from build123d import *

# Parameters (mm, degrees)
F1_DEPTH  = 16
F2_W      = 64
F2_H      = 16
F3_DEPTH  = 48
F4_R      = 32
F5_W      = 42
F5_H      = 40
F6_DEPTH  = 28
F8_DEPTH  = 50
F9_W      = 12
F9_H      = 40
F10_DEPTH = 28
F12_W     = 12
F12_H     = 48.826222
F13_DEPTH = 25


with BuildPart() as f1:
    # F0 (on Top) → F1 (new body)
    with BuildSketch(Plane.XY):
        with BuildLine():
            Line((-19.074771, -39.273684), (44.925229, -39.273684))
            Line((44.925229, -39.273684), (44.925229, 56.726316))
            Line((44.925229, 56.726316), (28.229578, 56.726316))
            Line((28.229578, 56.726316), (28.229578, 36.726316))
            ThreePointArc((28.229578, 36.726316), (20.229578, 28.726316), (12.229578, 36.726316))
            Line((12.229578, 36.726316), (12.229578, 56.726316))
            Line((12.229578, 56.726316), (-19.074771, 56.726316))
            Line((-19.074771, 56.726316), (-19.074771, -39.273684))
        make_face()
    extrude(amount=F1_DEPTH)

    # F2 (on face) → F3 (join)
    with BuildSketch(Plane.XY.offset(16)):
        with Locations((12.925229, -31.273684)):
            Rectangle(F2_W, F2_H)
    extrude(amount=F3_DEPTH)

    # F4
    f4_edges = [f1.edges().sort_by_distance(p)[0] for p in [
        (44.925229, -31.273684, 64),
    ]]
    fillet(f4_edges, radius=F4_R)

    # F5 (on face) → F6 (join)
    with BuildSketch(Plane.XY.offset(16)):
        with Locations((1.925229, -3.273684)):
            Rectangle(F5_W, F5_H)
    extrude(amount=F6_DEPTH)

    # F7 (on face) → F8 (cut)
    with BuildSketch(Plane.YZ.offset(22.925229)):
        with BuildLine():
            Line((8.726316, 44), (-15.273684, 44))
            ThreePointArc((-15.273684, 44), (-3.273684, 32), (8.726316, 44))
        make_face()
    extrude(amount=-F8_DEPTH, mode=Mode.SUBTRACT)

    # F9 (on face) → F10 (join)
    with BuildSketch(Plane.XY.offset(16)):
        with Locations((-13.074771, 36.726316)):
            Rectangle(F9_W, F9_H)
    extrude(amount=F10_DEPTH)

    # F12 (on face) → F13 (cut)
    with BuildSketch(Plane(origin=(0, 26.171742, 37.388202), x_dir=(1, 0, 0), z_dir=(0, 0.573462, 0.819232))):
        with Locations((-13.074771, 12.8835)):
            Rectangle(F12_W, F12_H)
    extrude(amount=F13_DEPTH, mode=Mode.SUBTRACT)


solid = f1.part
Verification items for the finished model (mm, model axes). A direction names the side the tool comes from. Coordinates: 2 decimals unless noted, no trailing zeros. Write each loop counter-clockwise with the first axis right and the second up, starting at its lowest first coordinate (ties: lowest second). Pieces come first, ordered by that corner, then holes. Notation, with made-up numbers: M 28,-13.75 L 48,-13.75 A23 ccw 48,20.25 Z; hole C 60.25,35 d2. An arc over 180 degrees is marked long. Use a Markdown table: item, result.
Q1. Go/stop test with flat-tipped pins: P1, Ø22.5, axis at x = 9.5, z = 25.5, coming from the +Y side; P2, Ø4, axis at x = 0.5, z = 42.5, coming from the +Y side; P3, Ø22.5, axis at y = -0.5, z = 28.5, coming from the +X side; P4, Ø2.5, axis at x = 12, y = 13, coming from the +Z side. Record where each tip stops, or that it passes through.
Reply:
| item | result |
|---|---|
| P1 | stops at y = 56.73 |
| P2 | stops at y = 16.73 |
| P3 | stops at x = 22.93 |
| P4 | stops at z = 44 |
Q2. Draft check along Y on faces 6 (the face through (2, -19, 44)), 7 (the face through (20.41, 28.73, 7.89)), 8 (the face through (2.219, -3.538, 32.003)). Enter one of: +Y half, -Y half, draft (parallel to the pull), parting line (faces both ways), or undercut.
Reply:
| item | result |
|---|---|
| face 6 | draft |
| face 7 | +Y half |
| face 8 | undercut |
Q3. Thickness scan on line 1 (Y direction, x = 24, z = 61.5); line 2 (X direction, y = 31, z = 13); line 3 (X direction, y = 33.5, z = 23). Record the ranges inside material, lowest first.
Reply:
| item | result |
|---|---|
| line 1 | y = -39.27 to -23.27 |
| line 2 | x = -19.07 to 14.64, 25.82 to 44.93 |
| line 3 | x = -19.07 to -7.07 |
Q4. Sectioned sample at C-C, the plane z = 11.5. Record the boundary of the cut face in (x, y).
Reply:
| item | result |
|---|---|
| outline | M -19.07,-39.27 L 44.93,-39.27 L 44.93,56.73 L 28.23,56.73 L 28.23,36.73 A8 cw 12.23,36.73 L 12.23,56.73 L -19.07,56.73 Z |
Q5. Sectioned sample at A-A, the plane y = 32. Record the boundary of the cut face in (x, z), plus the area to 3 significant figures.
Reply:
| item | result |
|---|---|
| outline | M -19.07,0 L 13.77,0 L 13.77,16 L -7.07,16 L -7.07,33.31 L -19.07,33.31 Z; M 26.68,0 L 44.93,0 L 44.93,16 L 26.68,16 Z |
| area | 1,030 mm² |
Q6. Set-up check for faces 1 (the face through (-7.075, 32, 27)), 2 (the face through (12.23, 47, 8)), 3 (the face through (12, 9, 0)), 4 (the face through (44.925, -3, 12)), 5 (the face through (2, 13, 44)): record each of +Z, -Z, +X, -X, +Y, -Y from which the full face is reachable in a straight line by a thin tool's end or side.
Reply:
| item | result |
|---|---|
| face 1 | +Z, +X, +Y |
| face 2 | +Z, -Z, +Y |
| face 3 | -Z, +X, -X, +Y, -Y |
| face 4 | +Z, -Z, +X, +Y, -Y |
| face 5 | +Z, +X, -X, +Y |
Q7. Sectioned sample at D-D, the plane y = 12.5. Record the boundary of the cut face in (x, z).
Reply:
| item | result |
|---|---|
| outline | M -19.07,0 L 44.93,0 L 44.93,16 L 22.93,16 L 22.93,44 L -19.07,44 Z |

+--

• Required work
Scan the entries and show every line in which the word "extrude" is found.

• Response to the task
    extrude(amount=F1_DEPTH)
    extrude(amount=F3_DEPTH)
    extrude(amount=F6_DEPTH)
    extrude(amount=-F8_DEPTH, mode=Mode.SUBTRACT)
    extrude(amount=F10_DEPTH)
    extrude(amount=F13_DEPTH, mode=Mode.SUBTRACT)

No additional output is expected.